5 New Green Tea Studies

  1. The major polyphenol in Green Tea, EGCG, dramatically suppressed the experimental induction of autoimmune encephalomyelitis (experimentally induced animal Multiple Sclerosis). Also, after the experimental version of MS was initiated, EGCG limited brain inflammation, and brain nerve damage, reducing clinical severity. In living brain tissue EGCG directly blocked the formation of neurotoxic free radicals. EGCG inhibited immune cells from causing inflammation and destruction in human myelin tissue. EGCG may open up a new therapeutic avenue for young, disabled adults with inflammatory brain disease by combining on one hand, anti-inflammatory, and on the other hand, neuroprotective capacities. Institute of Neuroimmunology, Neuroscience Research Center, Charite, Berlin, and Published in the November 2004 issue of The Journal of Immunology.
  2. Green Teas major polyphenol, EGCG was added to human leukemia cells (HL-60 cells). EGCG causes the death of these leukemia cells. To see how EGCG regulates the death of these cells a DNA study was performed. EGCG affected 97 genes out of a possible 8398. Some genes were stimulated by EGCG (39 genes) and some genes were inhibited 58 genes), showing that EGCG's ability to destroy these leukemia cells is a progressive transformation process regulated by a variety of genes (it is very complex). Tea and Health laboratory, Central-South University Xiangya School of Medicine, Hunan, China and is published in the November 22nd, 2004 issue of the journal Mutation Research.

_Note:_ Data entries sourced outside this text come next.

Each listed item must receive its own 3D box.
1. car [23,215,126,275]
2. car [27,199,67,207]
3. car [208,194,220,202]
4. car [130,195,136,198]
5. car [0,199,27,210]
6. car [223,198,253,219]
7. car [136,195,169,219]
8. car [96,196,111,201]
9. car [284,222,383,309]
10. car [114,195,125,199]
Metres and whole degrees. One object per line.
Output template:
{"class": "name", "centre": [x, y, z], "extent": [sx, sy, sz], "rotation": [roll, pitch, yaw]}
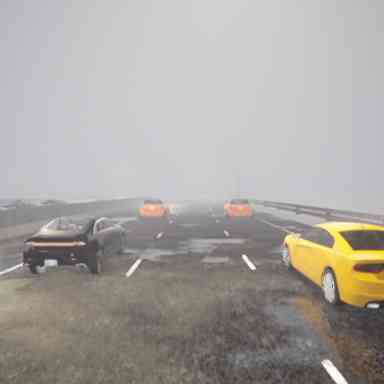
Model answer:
{"class": "car", "centre": [-3.351, 1.470, 10.360], "extent": [2.128, 1.511, 4.902], "rotation": [0, 0, 0]}
{"class": "car", "centre": [-13.750, 1.458, 32.482], "extent": [1.837, 1.490, 4.892], "rotation": [0, 0, 1]}
{"class": "car", "centre": [5.272, 1.328, 76.499], "extent": [2.097, 1.767, 4.553], "rotation": [0, 0, 3]}
{"class": "car", "centre": [-12.404, 1.483, 72.863], "extent": [2.128, 1.511, 4.902], "rotation": [0, 0, 2]}
{"class": "car", "centre": [-17.242, 1.444, 32.859], "extent": [2.128, 1.511, 4.902], "rotation": [0, 0, 1]}
{"class": "car", "centre": [3.871, 1.309, 28.423], "extent": [2.097, 1.767, 4.553], "rotation": [0, 0, 1]}
{"class": "car", "centre": [-3.131, 1.308, 28.387], "extent": [2.097, 1.767, 4.553], "rotation": [0, 0, 1]}
{"class": "car", "centre": [-19.398, 1.498, 73.176], "extent": [2.033, 1.411, 5.357], "rotation": [0, 0, 2]}
{"class": "car", "centre": [3.634, 1.461, 7.942], "extent": [1.882, 1.535, 5.008], "rotation": [0, 0, 0]}
{"class": "car", "centre": [-15.883, 1.480, 73.436], "extent": [1.812, 1.442, 4.674], "rotation": [0, 0, 2]}

  3. Activation of immune cells in the brain and spine (microglial cells) is a pivotal step in several neurodegenerative disorders including Parkinson's disease and Alzheimer's disease. EGCG inhibits the activation of these cells and inhibits the formation of chemicals that trigger destruction of central nervous system tissue. Additionally, EGCG protected dopaminergic receptor sites from damage (the sites damaged in Parkinson's disease). The study is published in the October 11th, 2004 issue of the Journal of Neuroscience Research.

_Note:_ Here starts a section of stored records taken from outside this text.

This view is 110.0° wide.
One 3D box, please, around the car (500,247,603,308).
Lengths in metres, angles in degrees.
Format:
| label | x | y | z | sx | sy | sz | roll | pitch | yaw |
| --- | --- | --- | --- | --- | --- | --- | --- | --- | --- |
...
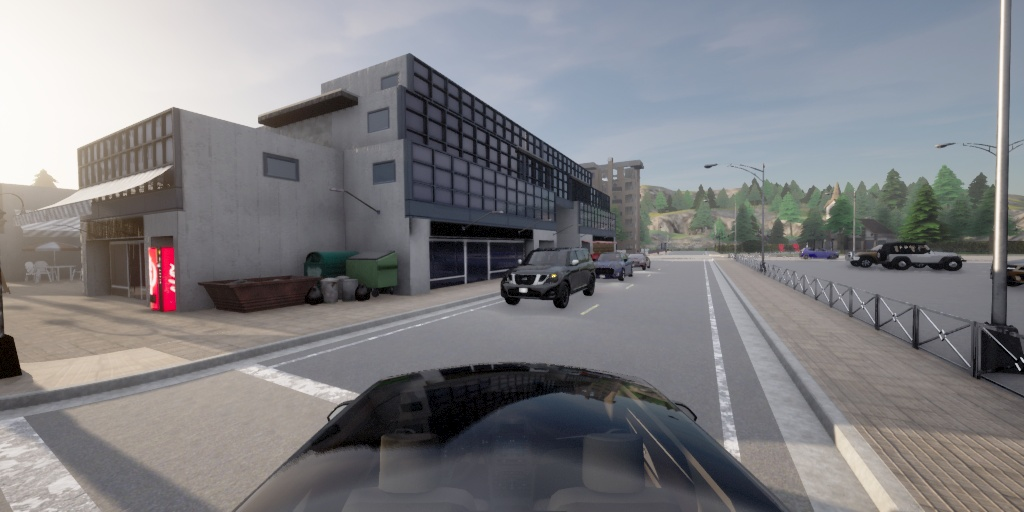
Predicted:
| label | x | y | z | sx | sy | sz | roll | pitch | yaw |
| --- | --- | --- | --- | --- | --- | --- | --- | --- | --- |
| car | 1.656 | 0.679 | 13.983 | 2.150 | 2.045 | 5.566 | 0 | 1 | 28 |

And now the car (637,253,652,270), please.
| label | x | y | z | sx | sy | sz | roll | pitch | yaw |
| --- | --- | --- | --- | --- | --- | --- | --- | --- | --- |
| car | 11.069 | 0.431 | 31.707 | 1.812 | 1.442 | 4.674 | 0 | 2 | 28 |

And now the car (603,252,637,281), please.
| label | x | y | z | sx | sy | sz | roll | pitch | yaw |
| --- | --- | --- | --- | --- | --- | --- | --- | --- | --- |
| car | 6.267 | 0.539 | 22.671 | 2.097 | 1.767 | 4.553 | 0 | 2 | 28 |

  4. After a heart attack, when blood starts to rush back into the heart, massive heart muscle tissue damage takes place, this is called ischemic reperfusion injury. Male rats were subjected to 30 minutes of myocardial ischemia (lack of blood flow and oxygen to the heart as in a heart attack), then subjected to up to 2 hours of reperfusion. At the end of ischemia, and throughout reperfusion, rats were treated with either EGCG or placebo. In placebo treated rats there was extensive infiltration of immune cells into the heart muscle, with heart inflammation and extensive heart injury. In the rats treated with EGCG (from Green tea) there was reduced inflammation and immune activity in the heart and reduced damage to the heart muscle. The results of this study suggests that EGCG is useful for preventing the damage to the heart caused by a heart attack. Department of Pediatrics, Division of Critical Care Medicine, Cincinnati Children's Hospital Medical Center and College of Medicine, University of Cincinnati, and published in the January-June 2004 issue of the journal Molecular Medicine.
  5. Tamoxifen is a chemotherapeutic drug used to decrease the risk of breast cancer in high risk women, and used to treat existing breast cancer. High concentrations of the Green Tea catechin EGCG, inhibits the proliferation of many different cancer cell types. Low levels of EGCG was toxic to estrogen receptor positive breast cancer cells, and increased the effectiveness of tamoxifen in highly malignant estrogen receptor negative cells (MDA-MB=231 cells). From the Department of Pharmacology and Toxicology, University of Otago, Dunedin, New Zealand and published in the October 15th, 2004 issue of the journal Anticancer Drugs.